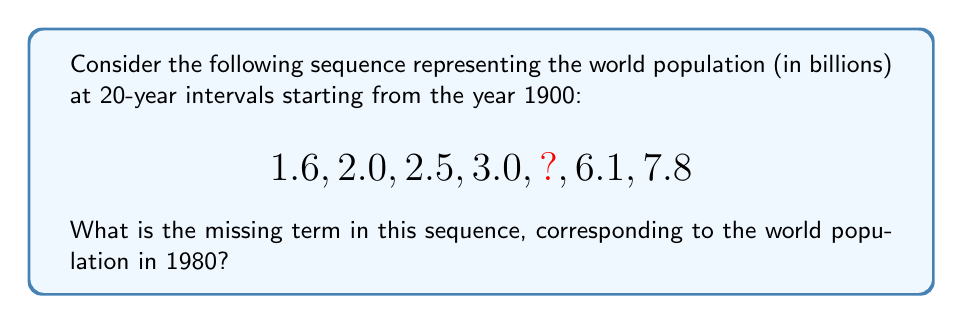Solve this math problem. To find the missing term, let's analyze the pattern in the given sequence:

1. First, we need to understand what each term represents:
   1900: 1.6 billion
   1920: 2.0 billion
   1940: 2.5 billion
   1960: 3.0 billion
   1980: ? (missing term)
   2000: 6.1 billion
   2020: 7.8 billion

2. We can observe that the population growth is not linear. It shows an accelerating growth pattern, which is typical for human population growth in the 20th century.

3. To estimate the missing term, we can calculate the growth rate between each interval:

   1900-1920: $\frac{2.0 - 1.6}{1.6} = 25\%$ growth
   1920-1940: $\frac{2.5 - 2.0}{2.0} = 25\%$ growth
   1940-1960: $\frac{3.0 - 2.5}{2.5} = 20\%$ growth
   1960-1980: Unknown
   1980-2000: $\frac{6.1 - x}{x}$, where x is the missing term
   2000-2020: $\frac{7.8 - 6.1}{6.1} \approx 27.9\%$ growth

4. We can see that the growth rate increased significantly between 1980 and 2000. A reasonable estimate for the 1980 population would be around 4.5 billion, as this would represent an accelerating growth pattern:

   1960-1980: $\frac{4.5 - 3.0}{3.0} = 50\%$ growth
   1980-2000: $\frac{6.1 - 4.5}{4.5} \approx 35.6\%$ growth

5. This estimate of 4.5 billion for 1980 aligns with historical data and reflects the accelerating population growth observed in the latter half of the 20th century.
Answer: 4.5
==
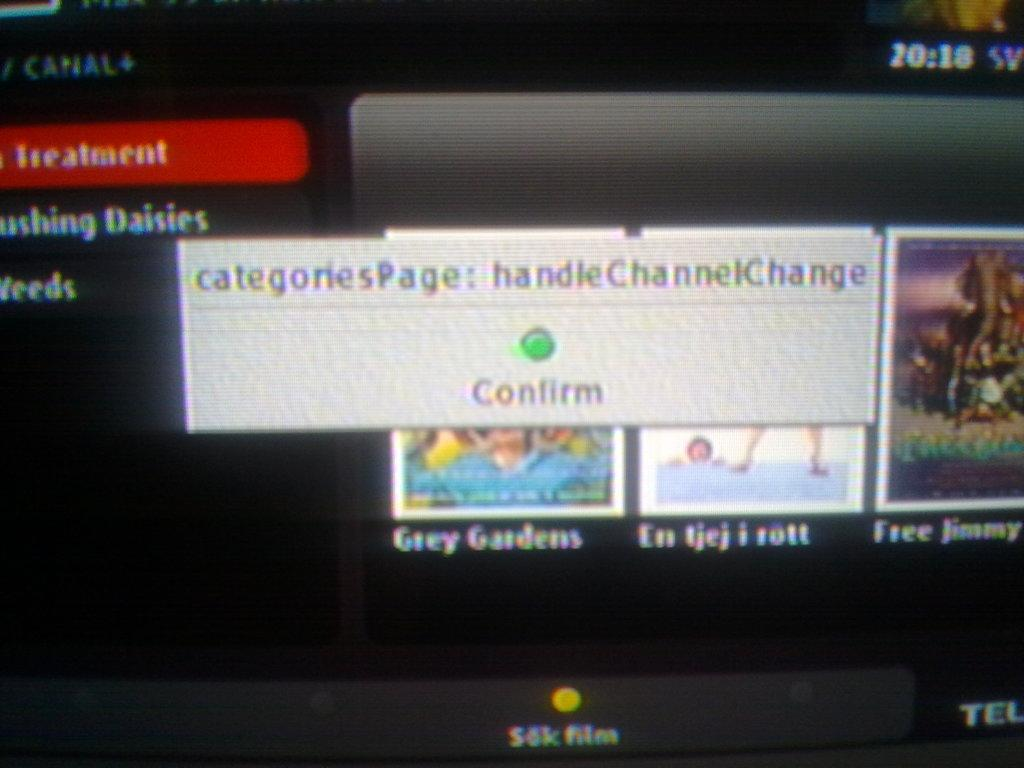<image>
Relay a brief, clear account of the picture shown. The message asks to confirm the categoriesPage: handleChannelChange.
...
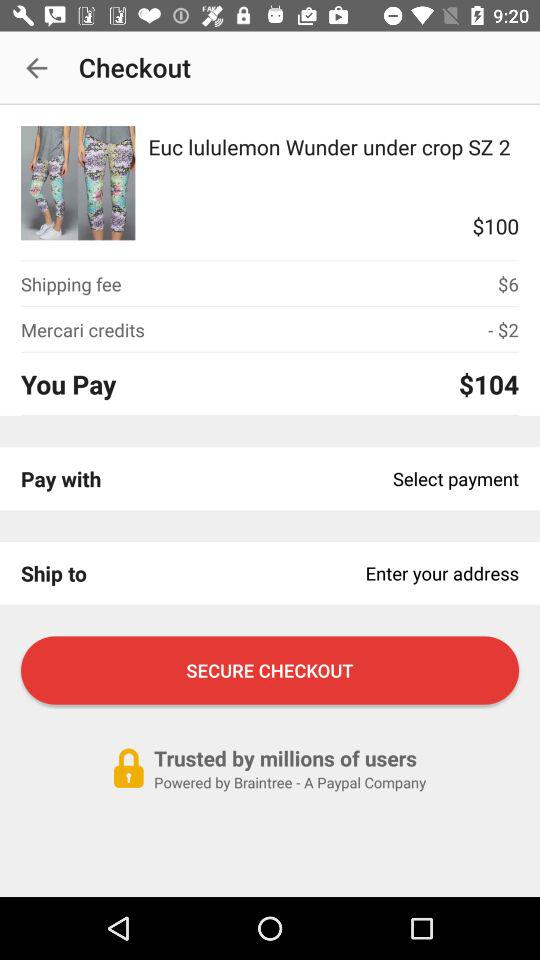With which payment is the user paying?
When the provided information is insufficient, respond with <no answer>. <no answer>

» **YOUR OBJECTIVE**
Your copy should hold only the lines above from the one containing "Solve this math" through the one containing "Answer: 4.5", exactly as written and free of pictures.

» **ANSWER AREA**
Solve this math problem. To find the missing term, let's analyze the pattern in the given sequence:

1. First, we need to understand what each term represents:
   1900: 1.6 billion
   1920: 2.0 billion
   1940: 2.5 billion
   1960: 3.0 billion
   1980: ? (missing term)
   2000: 6.1 billion
   2020: 7.8 billion

2. We can observe that the population growth is not linear. It shows an accelerating growth pattern, which is typical for human population growth in the 20th century.

3. To estimate the missing term, we can calculate the growth rate between each interval:

   1900-1920: $\frac{2.0 - 1.6}{1.6} = 25\%$ growth
   1920-1940: $\frac{2.5 - 2.0}{2.0} = 25\%$ growth
   1940-1960: $\frac{3.0 - 2.5}{2.5} = 20\%$ growth
   1960-1980: Unknown
   1980-2000: $\frac{6.1 - x}{x}$, where x is the missing term
   2000-2020: $\frac{7.8 - 6.1}{6.1} \approx 27.9\%$ growth

4. We can see that the growth rate increased significantly between 1980 and 2000. A reasonable estimate for the 1980 population would be around 4.5 billion, as this would represent an accelerating growth pattern:

   1960-1980: $\frac{4.5 - 3.0}{3.0} = 50\%$ growth
   1980-2000: $\frac{6.1 - 4.5}{4.5} \approx 35.6\%$ growth

5. This estimate of 4.5 billion for 1980 aligns with historical data and reflects the accelerating population growth observed in the latter half of the 20th century.
Answer: 4.5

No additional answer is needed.